The parameters of the NEPRE algorithm were not further fine-tuned, except for the cutoff distance in the NEPRE-F. The probability distributions of relative locations between amino acids were converted to statistical potentials using the Boltzmann relation. Therefore, the NEPRE algorithm is mainly built on the position preferences of neighboring amino acids in protein structures. The performance of the algorithm indicates that the orientation is critical for amino acid packing in protein structures. In this study, both NEPRE-F (with cutoff = 6 Å) and NEPRE-R considered only the nearest neighbors. The distance dependency of the statistical potential function is not explicitly described. In principle, by extending the distance cutoff to larger values, longer-range interactions can be described using a similar approach. An immediate extension is to develop a multi-layer neighborhood preference-based energy function by dividing the neighbors into layers. We tested this multi-layer potential energy and found the performance was comparable the the NEPRE-F (with rc = 6) by including the first two layers (r = 6 and r = 7). The inclusion of more layers deteriorated the performance in recognizing the native structures from the decoys (see Figure S9 and Table S2). The multi-layer implementation may need a weighting scheme and distance-dependent angular space gridding to improve the performance.

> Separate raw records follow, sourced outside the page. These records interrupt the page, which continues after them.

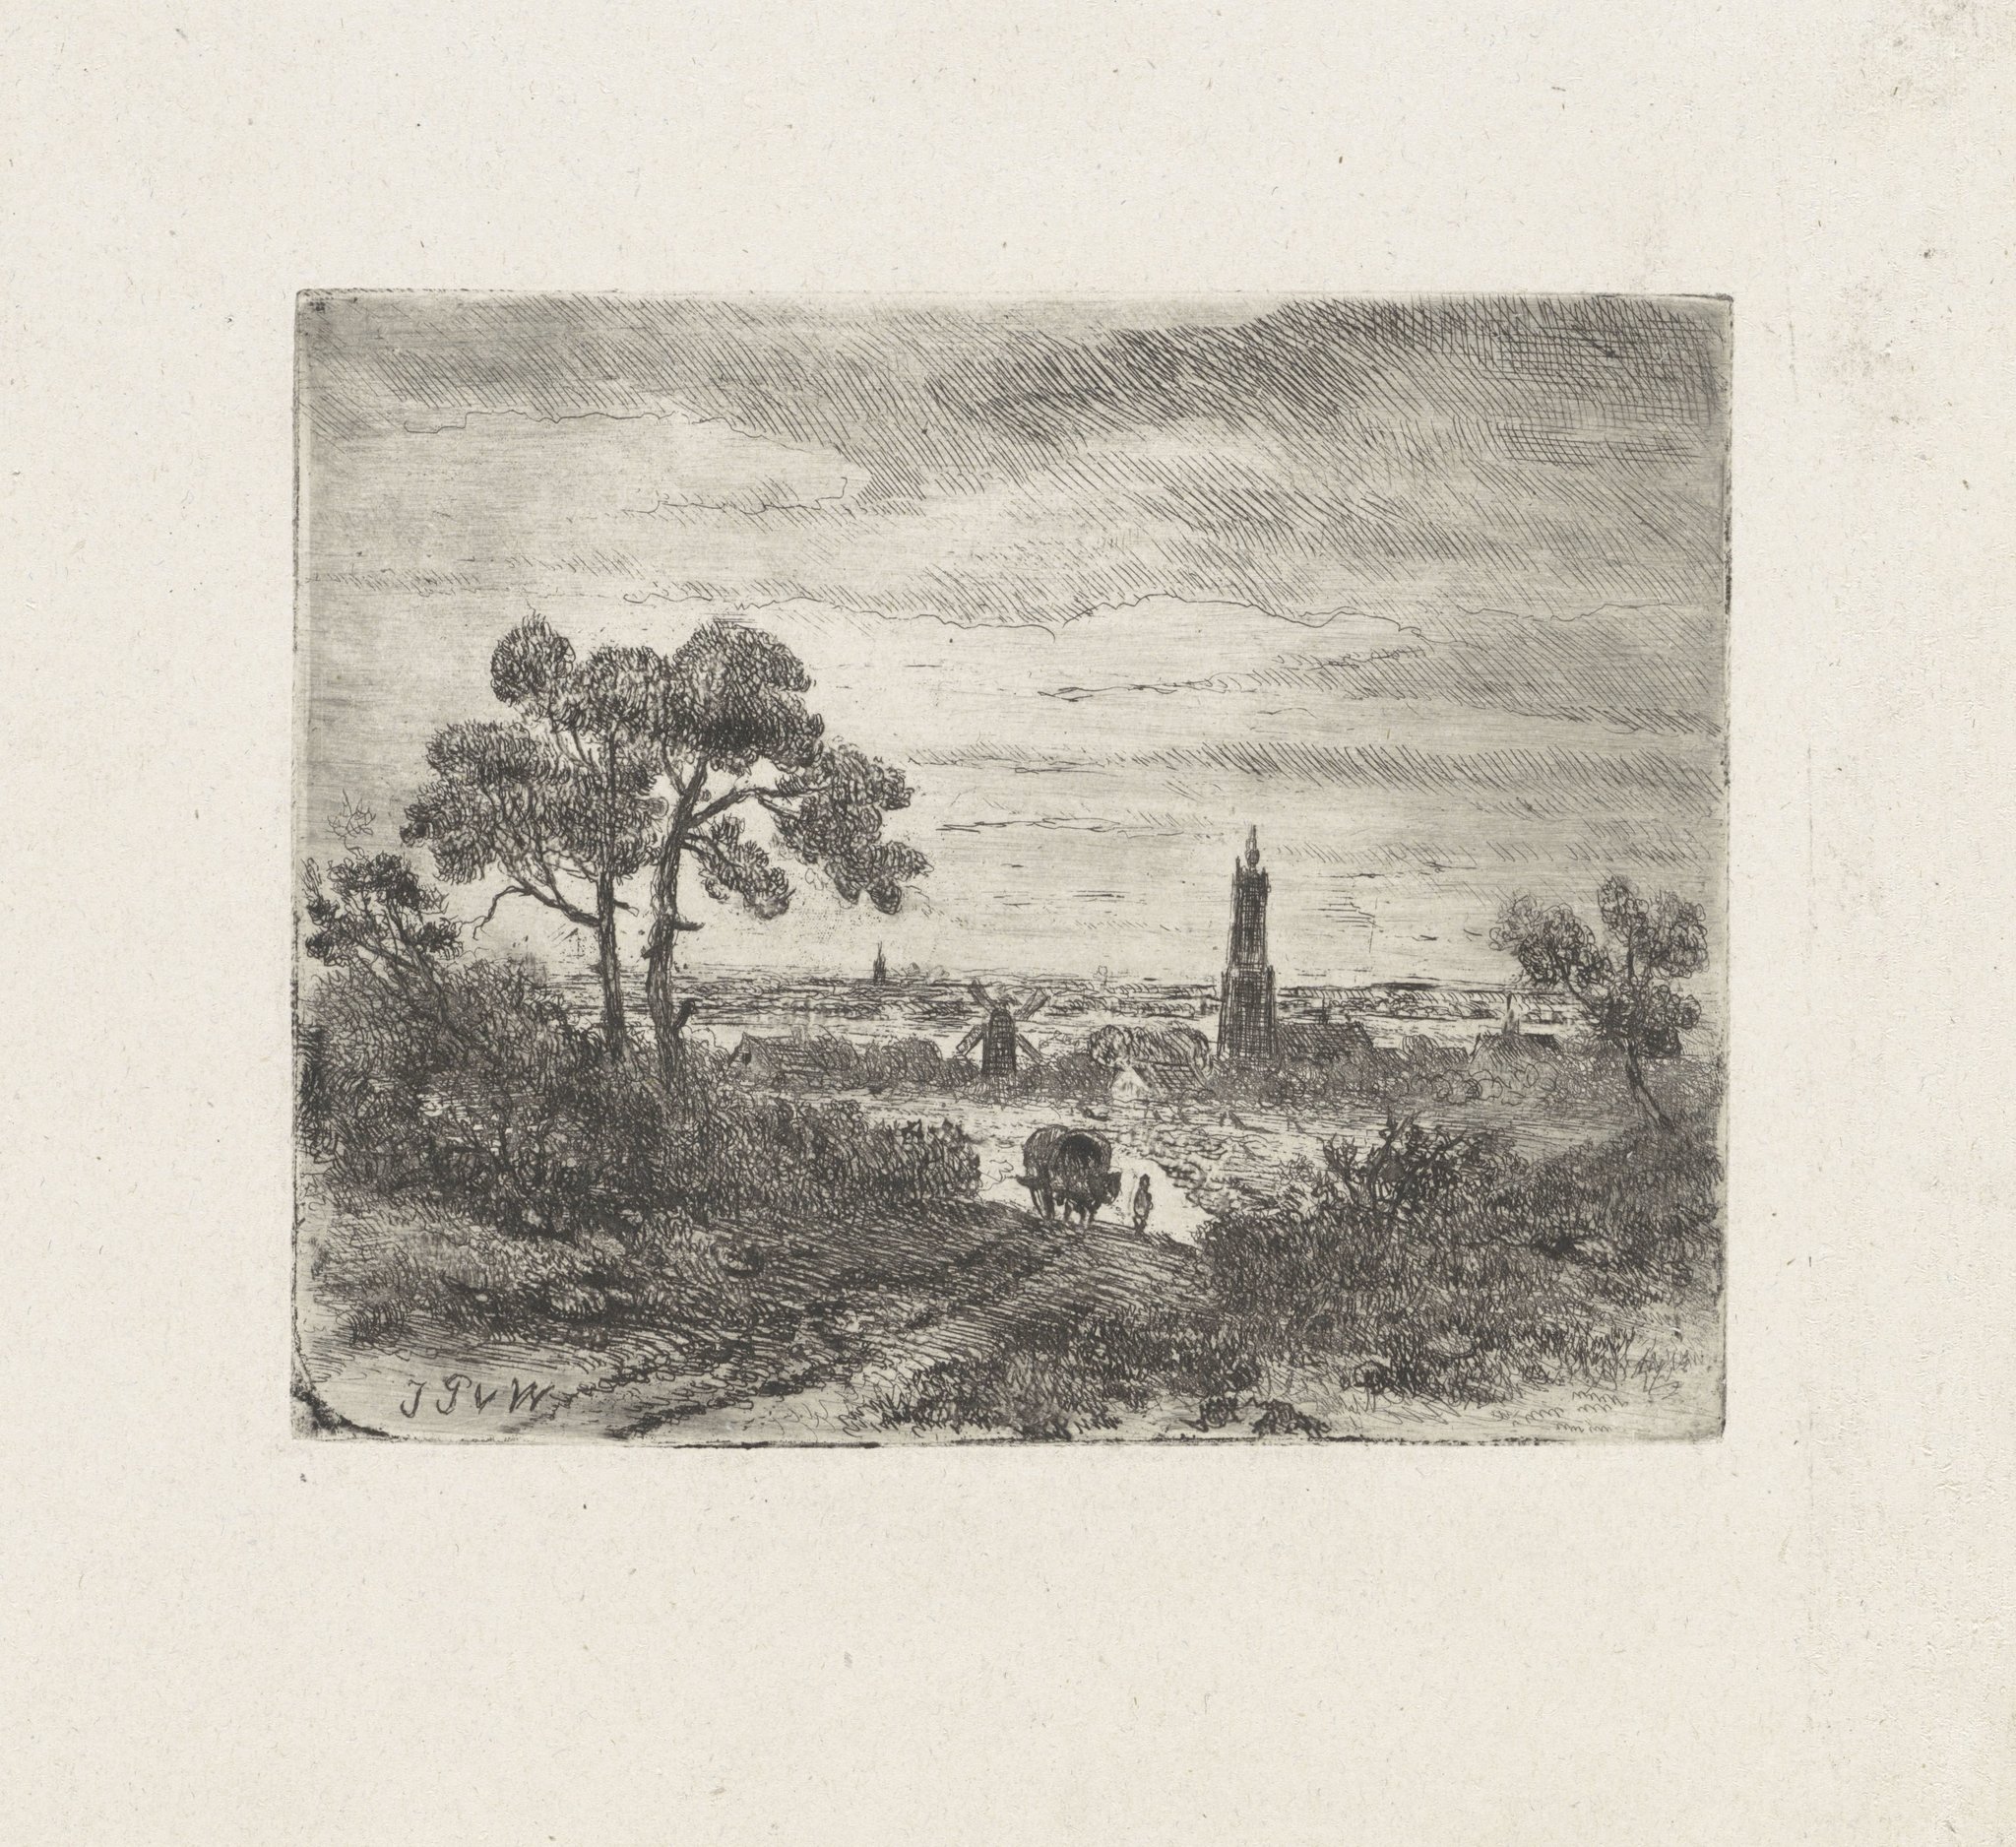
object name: print
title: Gezicht op Rhenen(?)
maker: johannes pieter van wisselingh
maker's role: draughtsman, painter, print maker
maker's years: 1812-1899
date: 1830-1878
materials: paper
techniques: etching
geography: netherlands
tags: city-view, and landscape with man-made constructions, church (exterior), road, path, windmill, (farm) wagon, freight wagon, cart
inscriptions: collector's mark: Lugt 2760, collector's mark: Lugt 2228
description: Gezicht op een stad, Rhenen(?), met een kerk en een molen. Vooraan een paard-en-wagen met een figuur op een landweg.

In summary, the neighborhood of amino acids in protein structures was statistically analyzed, and the discovered preferences were quantified using the types and relative positions of the neighboring amino acids. Based on the neighborhood preference, the program NEPRE was implemented to assess protein structure quality. The results showed that the NEPRE program can identify native (or near native) structures from decoy sets, providing a foundation for extended applications in protein structure assessment and prediction studies.